The Nuffield report perpetuates a distrustful attitude. Anonymous UK donors – those who gave their eggs before the 2005 repeal of full anonymity – should be encouraged, it says, to register voluntarily for access from their offspring. Really? Many of those donors might have donated because of the anonymity given to them. Leave them alone.
It suggests that egg donors should be educated and counselled more. You should even bring your partner along before you sign – just to make sure. (Subtext: you better know what you’re getting yourself into.) Placing fear into the minds of would-be donors is a poor tactic. We’ll never know how many are put off from donating by ethical high-handedness. Alternative parenting is now mainstream. This lecturing and demotivation needs to change.
The HFEA, and the ungenerous ethical culture around egg donation in the UK, is failing donors and recipients. Through an amendment in the law, we could bring in a system that puts only the parties involved in IVF with donor eggs – the donor, the recipient and the child – in control. If a donor wants anonymity, she should have it. If the recipient mother, or the child, wants access, they should have it if the donor agrees.

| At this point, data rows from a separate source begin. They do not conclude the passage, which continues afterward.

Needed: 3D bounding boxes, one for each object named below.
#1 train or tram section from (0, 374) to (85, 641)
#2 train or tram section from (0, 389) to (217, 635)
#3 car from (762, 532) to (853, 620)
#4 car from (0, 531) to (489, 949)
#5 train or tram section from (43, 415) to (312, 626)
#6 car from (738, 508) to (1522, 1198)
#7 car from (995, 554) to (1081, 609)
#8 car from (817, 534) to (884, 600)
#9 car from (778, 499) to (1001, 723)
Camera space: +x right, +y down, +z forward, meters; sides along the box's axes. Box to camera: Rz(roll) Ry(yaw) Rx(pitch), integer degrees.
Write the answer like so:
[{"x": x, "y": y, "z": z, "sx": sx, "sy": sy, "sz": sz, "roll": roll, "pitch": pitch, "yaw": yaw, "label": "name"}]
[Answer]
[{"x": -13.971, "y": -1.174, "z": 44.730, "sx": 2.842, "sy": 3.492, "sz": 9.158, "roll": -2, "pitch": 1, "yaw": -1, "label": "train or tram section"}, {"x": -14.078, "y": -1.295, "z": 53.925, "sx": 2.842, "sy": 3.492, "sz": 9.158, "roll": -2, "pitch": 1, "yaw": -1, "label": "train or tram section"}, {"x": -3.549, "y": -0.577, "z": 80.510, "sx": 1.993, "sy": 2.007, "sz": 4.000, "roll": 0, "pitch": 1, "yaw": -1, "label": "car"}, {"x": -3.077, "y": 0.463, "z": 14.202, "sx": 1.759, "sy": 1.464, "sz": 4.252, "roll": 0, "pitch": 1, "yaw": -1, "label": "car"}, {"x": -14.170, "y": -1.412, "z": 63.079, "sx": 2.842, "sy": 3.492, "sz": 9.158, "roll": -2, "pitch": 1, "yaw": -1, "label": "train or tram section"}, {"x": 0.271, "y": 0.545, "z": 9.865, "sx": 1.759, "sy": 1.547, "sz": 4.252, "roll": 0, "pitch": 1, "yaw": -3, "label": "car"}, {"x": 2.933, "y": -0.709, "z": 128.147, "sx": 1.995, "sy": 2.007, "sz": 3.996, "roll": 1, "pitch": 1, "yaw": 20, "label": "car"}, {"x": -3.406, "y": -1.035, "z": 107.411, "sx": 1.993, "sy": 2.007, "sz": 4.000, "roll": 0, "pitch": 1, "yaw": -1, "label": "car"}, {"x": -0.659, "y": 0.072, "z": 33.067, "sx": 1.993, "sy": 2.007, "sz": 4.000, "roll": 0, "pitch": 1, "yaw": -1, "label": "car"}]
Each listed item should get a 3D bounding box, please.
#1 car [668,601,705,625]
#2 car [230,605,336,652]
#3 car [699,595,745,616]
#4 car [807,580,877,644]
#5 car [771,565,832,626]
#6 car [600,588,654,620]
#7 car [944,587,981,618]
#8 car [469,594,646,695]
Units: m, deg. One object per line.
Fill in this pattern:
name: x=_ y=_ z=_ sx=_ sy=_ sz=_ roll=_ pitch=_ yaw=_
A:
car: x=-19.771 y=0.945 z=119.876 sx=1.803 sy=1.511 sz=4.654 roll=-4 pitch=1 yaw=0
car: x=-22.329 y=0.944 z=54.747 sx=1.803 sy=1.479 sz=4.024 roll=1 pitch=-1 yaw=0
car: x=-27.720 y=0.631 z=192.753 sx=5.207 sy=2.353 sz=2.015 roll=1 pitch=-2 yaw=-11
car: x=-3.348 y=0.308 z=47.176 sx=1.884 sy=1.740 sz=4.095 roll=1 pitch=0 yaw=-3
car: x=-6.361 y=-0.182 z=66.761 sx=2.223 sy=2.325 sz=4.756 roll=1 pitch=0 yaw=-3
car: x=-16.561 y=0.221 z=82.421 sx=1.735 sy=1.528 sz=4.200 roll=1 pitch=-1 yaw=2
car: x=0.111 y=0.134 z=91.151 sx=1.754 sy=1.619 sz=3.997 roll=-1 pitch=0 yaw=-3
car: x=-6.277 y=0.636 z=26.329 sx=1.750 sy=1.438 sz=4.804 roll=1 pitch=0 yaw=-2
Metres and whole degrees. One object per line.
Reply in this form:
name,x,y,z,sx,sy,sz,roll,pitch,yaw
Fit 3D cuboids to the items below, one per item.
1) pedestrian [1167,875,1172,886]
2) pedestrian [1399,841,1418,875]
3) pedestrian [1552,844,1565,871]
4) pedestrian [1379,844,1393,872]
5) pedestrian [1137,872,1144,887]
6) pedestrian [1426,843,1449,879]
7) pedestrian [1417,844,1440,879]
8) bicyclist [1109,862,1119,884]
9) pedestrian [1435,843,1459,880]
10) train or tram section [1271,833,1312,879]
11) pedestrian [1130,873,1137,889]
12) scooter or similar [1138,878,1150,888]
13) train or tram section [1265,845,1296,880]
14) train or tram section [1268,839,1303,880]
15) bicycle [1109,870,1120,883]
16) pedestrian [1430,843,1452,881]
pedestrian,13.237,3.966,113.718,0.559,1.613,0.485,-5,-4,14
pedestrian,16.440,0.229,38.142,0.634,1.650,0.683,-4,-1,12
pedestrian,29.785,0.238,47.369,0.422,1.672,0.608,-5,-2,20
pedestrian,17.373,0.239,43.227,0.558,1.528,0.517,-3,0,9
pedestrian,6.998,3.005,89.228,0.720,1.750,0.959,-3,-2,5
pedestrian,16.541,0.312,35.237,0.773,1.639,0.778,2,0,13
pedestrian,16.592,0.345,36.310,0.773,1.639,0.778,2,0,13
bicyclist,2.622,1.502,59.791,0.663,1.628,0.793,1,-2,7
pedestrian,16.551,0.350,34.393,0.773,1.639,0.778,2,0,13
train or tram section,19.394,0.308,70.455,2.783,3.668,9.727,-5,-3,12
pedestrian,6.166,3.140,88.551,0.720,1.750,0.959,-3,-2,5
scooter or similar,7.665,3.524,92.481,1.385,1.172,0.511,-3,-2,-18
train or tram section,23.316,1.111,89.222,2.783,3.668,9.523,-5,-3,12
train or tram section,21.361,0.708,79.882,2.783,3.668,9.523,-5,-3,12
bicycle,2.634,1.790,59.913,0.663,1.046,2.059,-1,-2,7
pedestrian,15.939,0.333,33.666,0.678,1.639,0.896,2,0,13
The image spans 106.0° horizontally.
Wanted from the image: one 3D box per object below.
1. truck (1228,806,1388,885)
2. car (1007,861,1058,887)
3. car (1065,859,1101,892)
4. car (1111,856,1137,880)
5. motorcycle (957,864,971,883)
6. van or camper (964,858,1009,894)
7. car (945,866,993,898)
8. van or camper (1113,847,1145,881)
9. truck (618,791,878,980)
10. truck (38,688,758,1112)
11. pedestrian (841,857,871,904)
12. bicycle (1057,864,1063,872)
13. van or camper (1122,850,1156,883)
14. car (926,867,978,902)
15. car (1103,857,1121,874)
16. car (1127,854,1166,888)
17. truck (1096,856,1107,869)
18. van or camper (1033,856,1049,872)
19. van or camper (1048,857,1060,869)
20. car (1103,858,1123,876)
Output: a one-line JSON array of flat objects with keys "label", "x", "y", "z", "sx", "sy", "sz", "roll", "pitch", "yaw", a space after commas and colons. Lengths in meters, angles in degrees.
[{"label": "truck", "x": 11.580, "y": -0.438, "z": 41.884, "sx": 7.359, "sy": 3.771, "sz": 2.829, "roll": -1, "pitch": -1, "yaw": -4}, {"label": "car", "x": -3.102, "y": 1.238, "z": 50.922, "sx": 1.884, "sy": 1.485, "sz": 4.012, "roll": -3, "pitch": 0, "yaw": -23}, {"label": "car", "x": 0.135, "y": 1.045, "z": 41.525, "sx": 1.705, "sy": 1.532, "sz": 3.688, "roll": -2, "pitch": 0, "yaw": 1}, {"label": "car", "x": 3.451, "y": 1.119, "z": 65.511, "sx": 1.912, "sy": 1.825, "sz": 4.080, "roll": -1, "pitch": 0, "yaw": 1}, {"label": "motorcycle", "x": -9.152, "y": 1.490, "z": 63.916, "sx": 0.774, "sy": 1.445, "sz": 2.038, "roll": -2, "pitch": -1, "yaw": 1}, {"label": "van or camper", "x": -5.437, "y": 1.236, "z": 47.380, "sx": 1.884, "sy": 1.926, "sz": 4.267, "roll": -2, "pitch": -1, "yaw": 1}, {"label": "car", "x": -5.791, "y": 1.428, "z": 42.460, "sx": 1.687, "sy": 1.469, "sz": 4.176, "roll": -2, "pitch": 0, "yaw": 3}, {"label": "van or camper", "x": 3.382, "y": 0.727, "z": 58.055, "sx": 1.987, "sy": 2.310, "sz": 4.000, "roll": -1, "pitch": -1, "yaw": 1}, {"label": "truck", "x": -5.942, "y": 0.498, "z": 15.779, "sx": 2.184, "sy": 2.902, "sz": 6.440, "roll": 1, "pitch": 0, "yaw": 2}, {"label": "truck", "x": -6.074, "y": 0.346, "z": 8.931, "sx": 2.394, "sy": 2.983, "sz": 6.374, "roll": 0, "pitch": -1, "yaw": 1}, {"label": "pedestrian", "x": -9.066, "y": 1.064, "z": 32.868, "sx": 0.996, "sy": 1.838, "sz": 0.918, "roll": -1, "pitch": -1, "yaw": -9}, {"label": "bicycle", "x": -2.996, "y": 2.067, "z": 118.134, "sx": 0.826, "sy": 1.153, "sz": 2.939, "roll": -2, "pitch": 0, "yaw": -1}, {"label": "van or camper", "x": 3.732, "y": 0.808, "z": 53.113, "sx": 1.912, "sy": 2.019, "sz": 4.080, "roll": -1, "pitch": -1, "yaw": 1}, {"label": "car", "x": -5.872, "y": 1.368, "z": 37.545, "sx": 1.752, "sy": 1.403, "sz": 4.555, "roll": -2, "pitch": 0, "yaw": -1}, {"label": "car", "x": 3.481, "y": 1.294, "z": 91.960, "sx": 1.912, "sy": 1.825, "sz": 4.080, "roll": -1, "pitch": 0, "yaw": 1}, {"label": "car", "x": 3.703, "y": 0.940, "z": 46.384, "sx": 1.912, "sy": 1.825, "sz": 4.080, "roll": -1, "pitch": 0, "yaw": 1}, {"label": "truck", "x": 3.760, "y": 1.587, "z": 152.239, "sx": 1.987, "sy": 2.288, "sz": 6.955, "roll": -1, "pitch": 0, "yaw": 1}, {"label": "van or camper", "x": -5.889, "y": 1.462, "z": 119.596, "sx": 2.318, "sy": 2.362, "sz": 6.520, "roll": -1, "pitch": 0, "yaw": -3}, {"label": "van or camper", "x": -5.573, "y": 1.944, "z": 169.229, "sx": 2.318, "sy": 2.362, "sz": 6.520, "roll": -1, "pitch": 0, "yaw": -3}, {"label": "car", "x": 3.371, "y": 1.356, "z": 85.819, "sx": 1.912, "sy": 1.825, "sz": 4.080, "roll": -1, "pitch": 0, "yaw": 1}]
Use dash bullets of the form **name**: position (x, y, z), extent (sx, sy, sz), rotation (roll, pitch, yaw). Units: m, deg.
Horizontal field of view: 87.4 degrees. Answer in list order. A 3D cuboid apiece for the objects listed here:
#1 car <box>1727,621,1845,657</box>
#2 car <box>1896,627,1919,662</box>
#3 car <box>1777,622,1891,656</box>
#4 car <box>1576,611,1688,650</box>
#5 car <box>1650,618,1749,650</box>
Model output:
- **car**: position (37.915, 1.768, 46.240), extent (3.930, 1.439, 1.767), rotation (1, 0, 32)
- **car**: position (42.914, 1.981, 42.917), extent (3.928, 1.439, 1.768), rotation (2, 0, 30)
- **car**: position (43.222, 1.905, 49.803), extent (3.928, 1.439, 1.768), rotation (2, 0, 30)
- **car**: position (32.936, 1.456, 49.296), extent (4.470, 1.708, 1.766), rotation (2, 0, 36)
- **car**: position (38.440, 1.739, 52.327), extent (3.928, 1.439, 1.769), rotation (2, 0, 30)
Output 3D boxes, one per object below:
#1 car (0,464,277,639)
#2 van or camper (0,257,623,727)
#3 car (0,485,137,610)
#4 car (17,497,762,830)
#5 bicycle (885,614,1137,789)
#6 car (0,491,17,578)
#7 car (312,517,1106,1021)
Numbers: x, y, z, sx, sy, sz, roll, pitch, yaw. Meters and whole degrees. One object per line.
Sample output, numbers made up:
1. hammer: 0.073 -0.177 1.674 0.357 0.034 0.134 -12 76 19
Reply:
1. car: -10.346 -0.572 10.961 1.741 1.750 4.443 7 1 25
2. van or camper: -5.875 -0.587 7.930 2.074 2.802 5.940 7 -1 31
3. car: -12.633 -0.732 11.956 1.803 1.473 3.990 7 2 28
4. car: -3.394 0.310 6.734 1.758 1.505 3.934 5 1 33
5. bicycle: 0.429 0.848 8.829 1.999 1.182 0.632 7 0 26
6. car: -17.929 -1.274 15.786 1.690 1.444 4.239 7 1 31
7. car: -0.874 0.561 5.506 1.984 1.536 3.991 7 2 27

State control of egg donors impedes the advancement of donor conception. Decisions belong, in our view, to those who take part, not parliaments. Soon it may be possible for donors and recipients to trace each other online. The so-called transparency culture, where UK egg donors must agree to contact (from aged 18) in the name of ‘responsible parenting’ seems old-fashioned. The rules around donor conception need liberalising.